The bottom line is you get to manage multiple advanced AI models and data tasks through one standard, predictable API interface.

1. Subscribe to this MCP in Vinkius and provide your required Cohere API Key.
2. Connect your agent (e.g., Claude, Cursor) once from that single client connection.
3. Your agent can then execute the various NLP operations—like generating embeddings or reranking documents—as part of a larger workflow.

## Frequently Asked Questions

**How do I get a Cohere API Key?**
Log in to the [**Cohere Dashboard**](https://dashboard.cohere.com/api-keys), go to **API Keys** and click **Create API Key**. Copy the key immediately — it starts with a random string and won't be shown again. Free tier includes trial access with rate limits.

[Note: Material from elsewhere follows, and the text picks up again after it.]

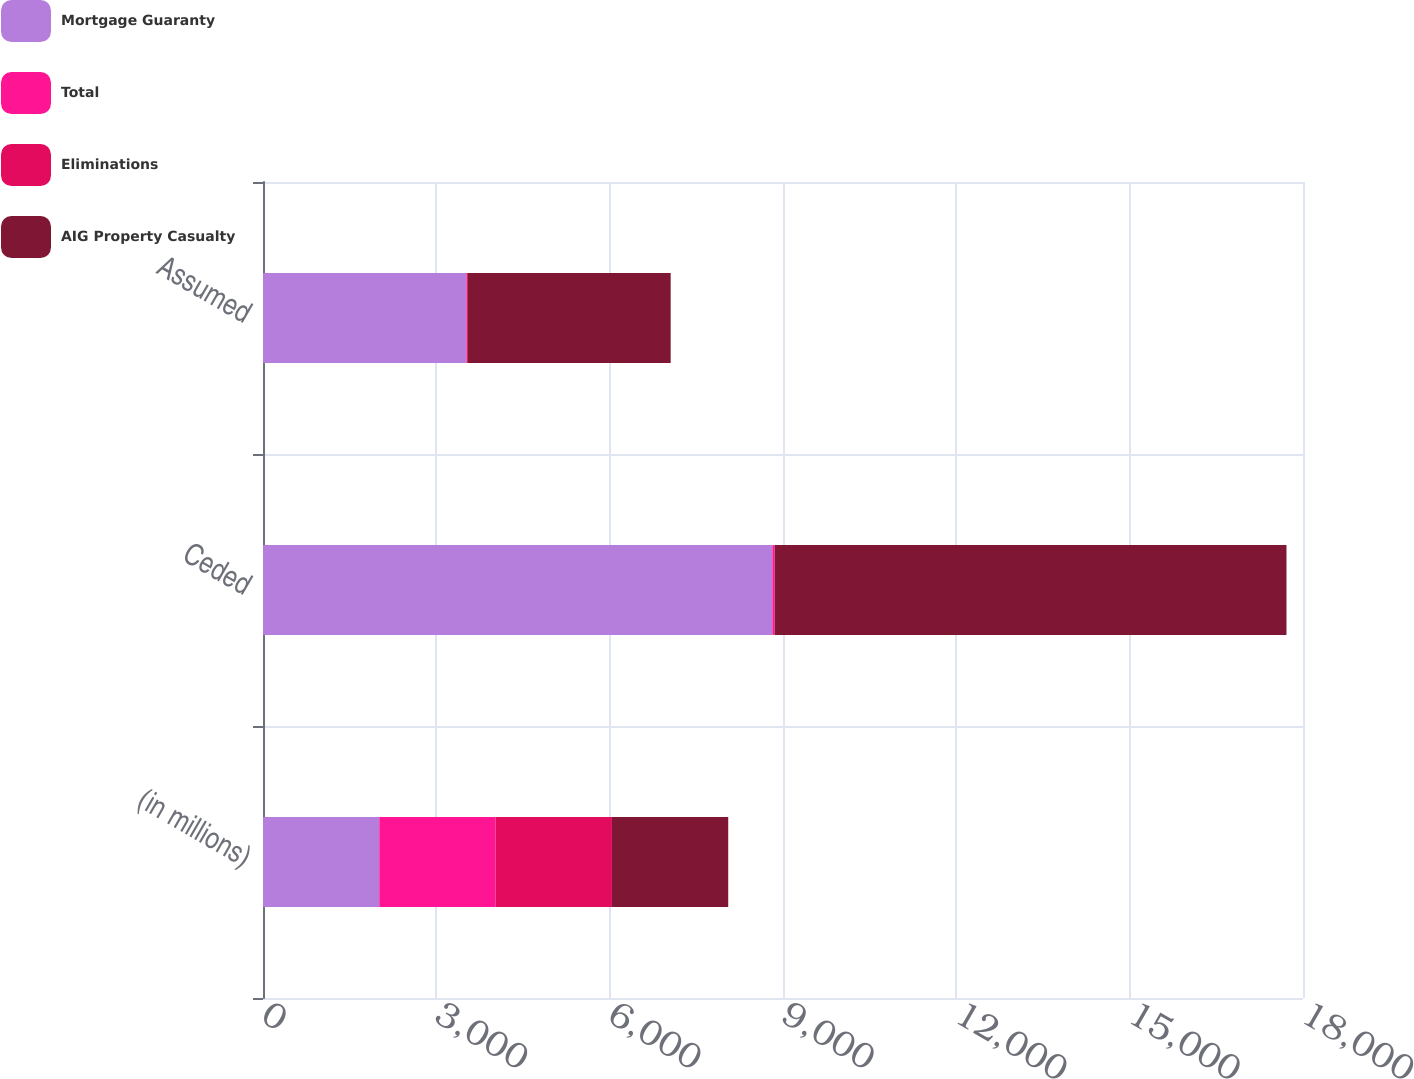<chart> <loc_0><loc_0><loc_500><loc_500><stacked_bar_chart><ecel><fcel>(in millions)<fcel>Ceded<fcel>Assumed<nl><fcel>Mortgage Guaranty<fcel>2013<fcel>8816<fcel>3521<nl><fcel>Total<fcel>2013<fcel>38<fcel>7<nl><fcel>Eliminations<fcel>2013<fcel>3<fcel>18<nl><fcel>AIG Property Casualty<fcel>2013<fcel>8857<fcel>3510<nl></chart>

**What models are available?**
Use the `list_models` tool to see all available Cohere models. Key models include command-r-plus (most capable, 128K context), command-r (efficient, 128K context), command-r7b (lightweight, 128K context), embed-v4 (embeddings) and rerank-v3.5 (reranking).

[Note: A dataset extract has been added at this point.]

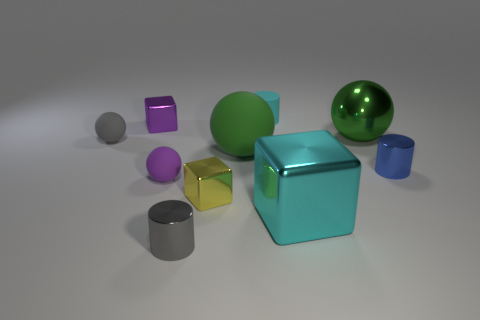Subtract all tiny cubes. How many cubes are left? 1 Subtract all red cylinders. How many green balls are left? 2 Subtract all green spheres. How many spheres are left? 2 Subtract all cubes. How many objects are left? 7 Subtract all yellow metallic things. Subtract all small yellow shiny things. How many objects are left? 8 Add 1 large rubber objects. How many large rubber objects are left? 2 Add 5 big purple rubber balls. How many big purple rubber balls exist? 5 Subtract 0 blue spheres. How many objects are left? 10 Subtract all brown balls. Subtract all green cylinders. How many balls are left? 4 
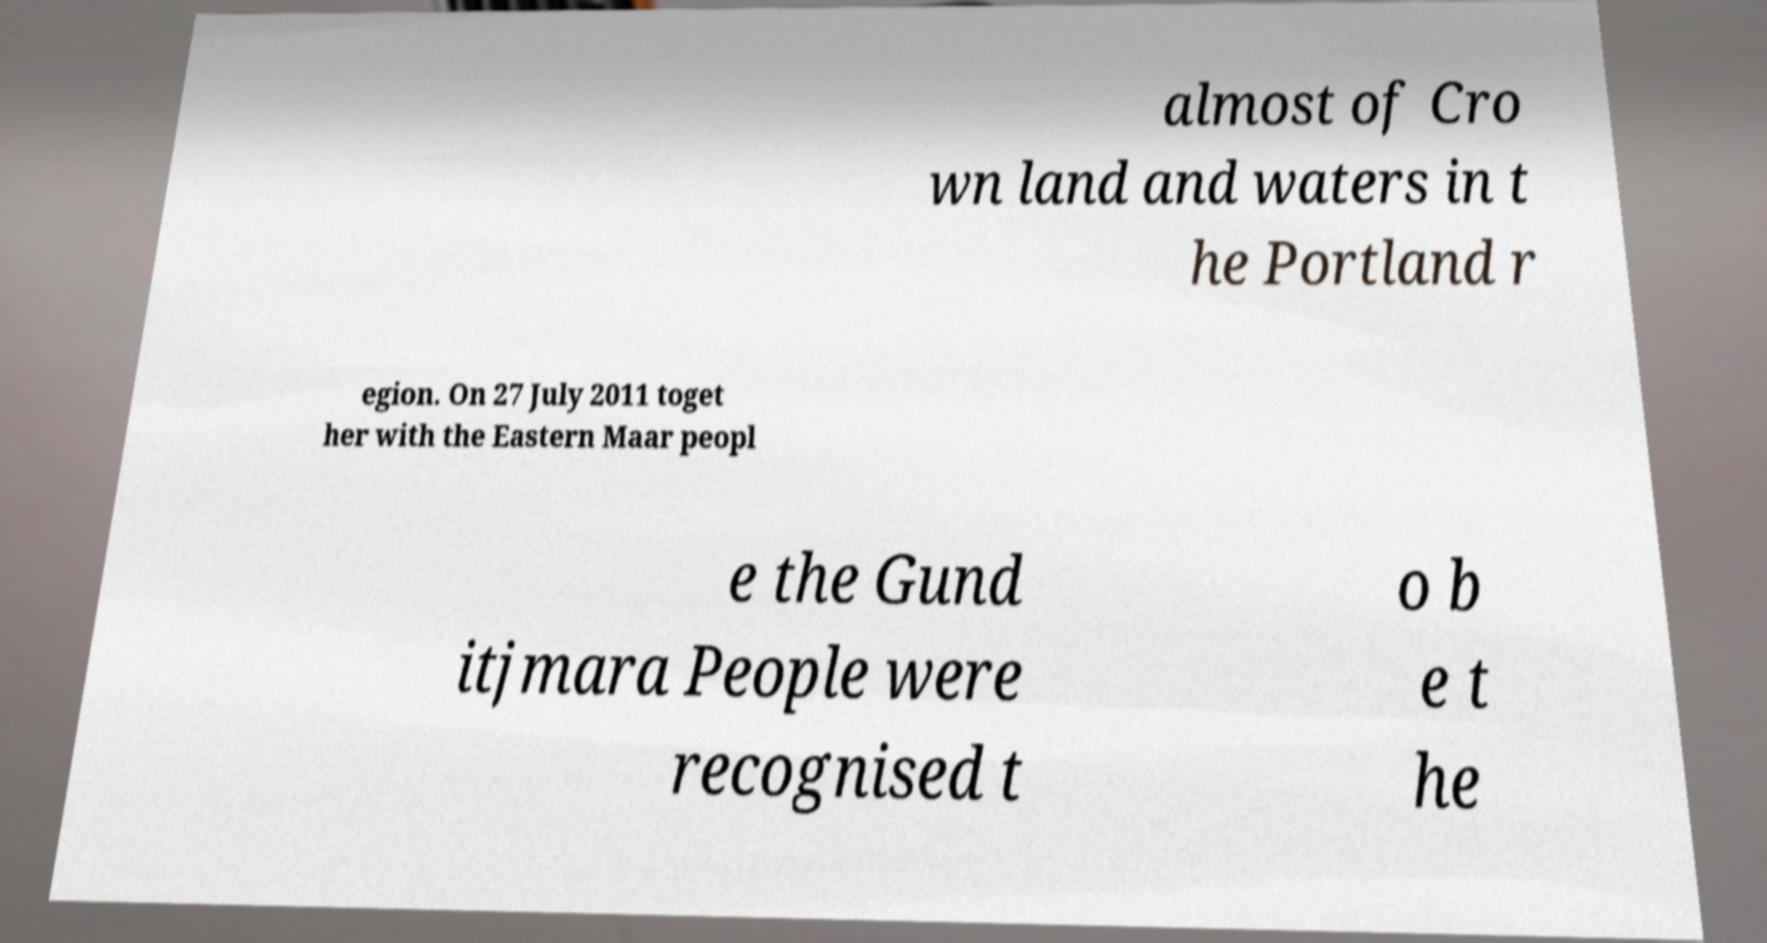There's text embedded in this image that I need extracted. Can you transcribe it verbatim? almost of Cro wn land and waters in t he Portland r egion. On 27 July 2011 toget her with the Eastern Maar peopl e the Gund itjmara People were recognised t o b e t he

**Can I send multi-turn conversations?**
Yes! Pass a messages array with alternating 'user', 'assistant' and 'system' roles. Each message has a 'role' and 'content' field. Command models support function calling and will return tool_calls when appropriate.

**What is reranking and when should I use it?**
Reranking reorders a set of documents by their relevance to a query. Use it after an initial search to improve result quality. The rerank tool takes a query, list of documents and returns them ranked by relevance score. Cohere's rerank models are industry-leading for search applications.

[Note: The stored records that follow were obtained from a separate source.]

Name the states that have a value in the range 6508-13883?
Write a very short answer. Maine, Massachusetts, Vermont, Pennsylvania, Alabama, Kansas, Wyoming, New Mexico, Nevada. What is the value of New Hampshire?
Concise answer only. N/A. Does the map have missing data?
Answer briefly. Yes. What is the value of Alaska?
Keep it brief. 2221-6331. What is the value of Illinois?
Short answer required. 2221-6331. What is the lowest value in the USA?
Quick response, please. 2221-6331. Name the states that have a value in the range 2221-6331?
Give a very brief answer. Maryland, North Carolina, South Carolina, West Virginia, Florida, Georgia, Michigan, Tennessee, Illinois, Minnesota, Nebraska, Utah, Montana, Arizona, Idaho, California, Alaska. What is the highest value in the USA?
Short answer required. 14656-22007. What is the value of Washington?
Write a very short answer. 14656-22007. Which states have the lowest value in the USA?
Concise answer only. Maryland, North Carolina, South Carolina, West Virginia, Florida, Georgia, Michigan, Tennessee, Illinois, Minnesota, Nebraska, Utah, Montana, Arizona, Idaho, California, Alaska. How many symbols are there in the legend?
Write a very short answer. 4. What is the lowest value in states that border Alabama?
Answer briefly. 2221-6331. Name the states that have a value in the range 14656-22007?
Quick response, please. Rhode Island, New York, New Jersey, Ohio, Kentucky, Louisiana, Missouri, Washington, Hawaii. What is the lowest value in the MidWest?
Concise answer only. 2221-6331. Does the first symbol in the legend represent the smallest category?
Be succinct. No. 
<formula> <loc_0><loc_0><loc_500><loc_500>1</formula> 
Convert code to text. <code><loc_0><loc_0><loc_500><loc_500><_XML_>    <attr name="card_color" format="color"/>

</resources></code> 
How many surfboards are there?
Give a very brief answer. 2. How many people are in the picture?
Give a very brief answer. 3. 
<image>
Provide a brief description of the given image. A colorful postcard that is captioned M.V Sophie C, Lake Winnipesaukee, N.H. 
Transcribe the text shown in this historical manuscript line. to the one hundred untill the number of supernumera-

**When using the `embed` tool, how do I choose the right input type for my vectors?**
You must specify the purpose when calling `embed`. Use 'search_document' to index general text for similarity search. Alternatively, use 'classification' if your goal is grouping or labeling documents based on predefined categories.

**How do I estimate my token count before running a long chat with the `chat` tool?**
Run the `tokenize` tool first. It returns the precise list of token IDs and strings, letting you accurately predict how many tokens your prompt will use for cost estimation or length checks.

**When using the `rerank` tool, how do I ensure I only get the top results?**
You set the optional `top_n` parameter when running `rerank`. This limits the output to return exactly N documents, which saves tokens and keeps your search result display clean.

**Does the `chat` tool support structured responses or function calling?**
Yes, the `chat` tool handles explicit tool call functionality. It returns not only conversational text but also detailed data about any potential functions it determines are necessary to execute.